Investigating mutant hydrophobic patch exposure in troponin C using molecular dynamics-based free energy methods.

Abstract

Contraction of cardiomyocytes is orchestrated through calcium-binding to the N-terminal regulatory domain of cardiac troponin C (NcTnC). This binding event initiates a series of dynamic and conformational changes that expose a hydrophobic patch to which troponin I (TnI) associates. Cardiomyopathies have been linked to mutations in NcTnC that disrupt these precise interactions and modulate free energy of opening. Mutations that lower the free energy of opening have a calcium-sensitizing effect and those that increase free energy of opening have a calcium-desensitizing effect, like mutations implicated with hypertrophic (HCM) and dilated cardiomyopathy (DCM), respectively. Albeit mutations occurring in the loop region of NcTnC have been most extensively studied, information regarding mutations within the hydrophobic patch is lacking. Simulating the closed-to-open transition in NcTnC is challenging and typically requires microsecond timescales just to observe partial opening of the patch. Here, we use targeted molecular dynamics (TMD) to efficiently sample the landscape between the open and closed conformations.
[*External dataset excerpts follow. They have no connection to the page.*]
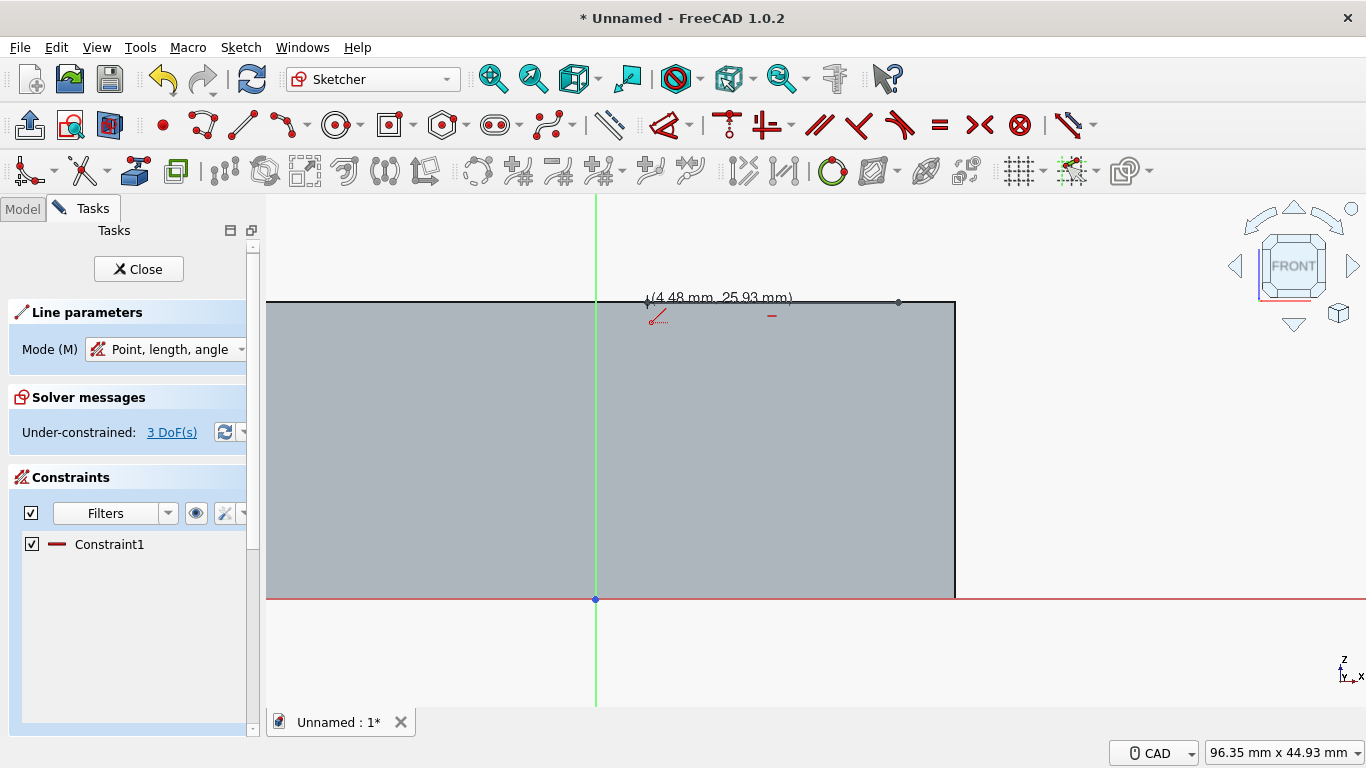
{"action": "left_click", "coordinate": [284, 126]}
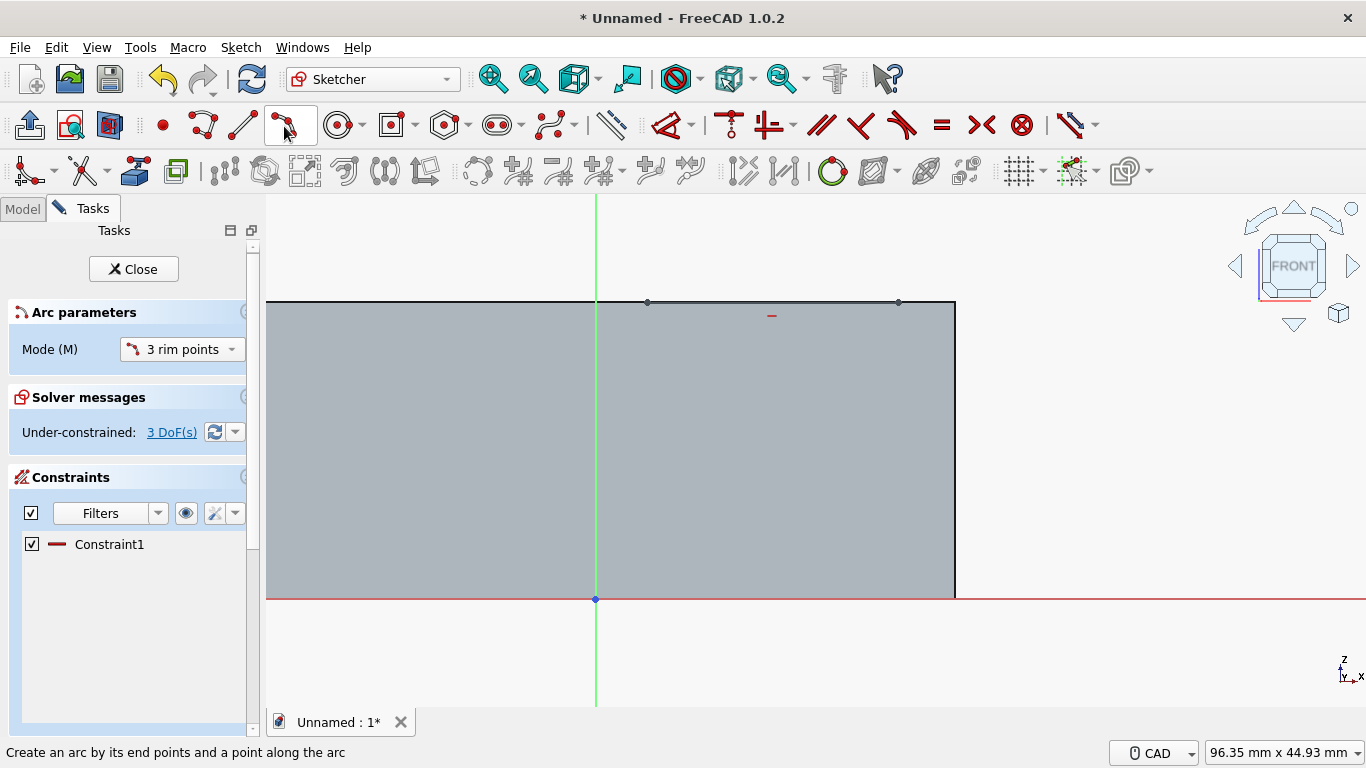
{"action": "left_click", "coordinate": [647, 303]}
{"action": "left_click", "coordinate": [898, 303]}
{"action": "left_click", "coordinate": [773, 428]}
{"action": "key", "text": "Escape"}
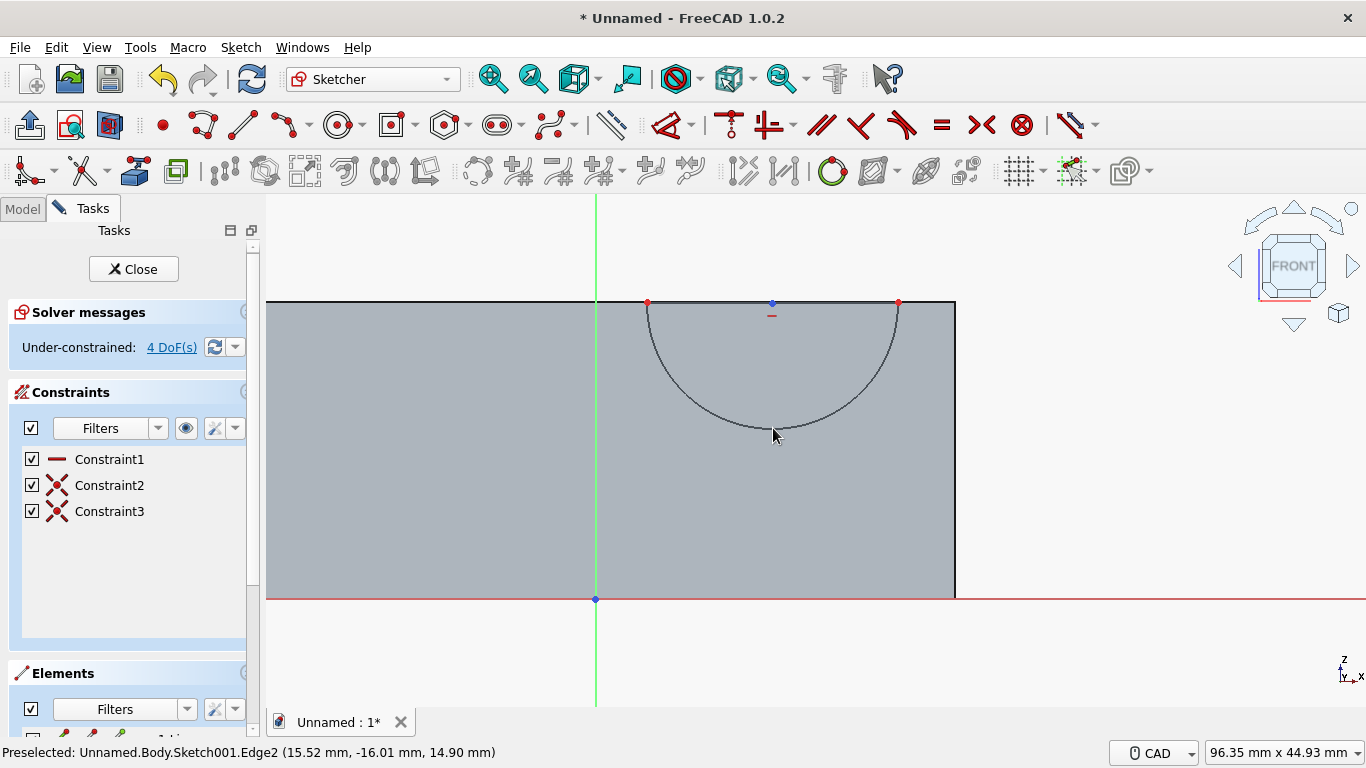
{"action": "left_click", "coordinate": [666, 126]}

Umbrella sampling (US) was employed to predict the free energy of opening by using frames sourced from TMD, and preliminary data corroborates the expected trends for known HCM and DCM mutations in NcTnC. RosettaDesign was used to prepare and score novel mutation candidates by systematically mutating residues at eight different positions in the patch to almost every other amino acid. Based on the ref15_cart scoring function, up to three mutation candidates from each position were selected to proceed to further evaluation with US. In this work, we identify several mutations that are expected to perturb patch opening and present an innovative approach to quantitatively study the influence hydrophobic patch residues play in the molecular basis of myocyte contraction.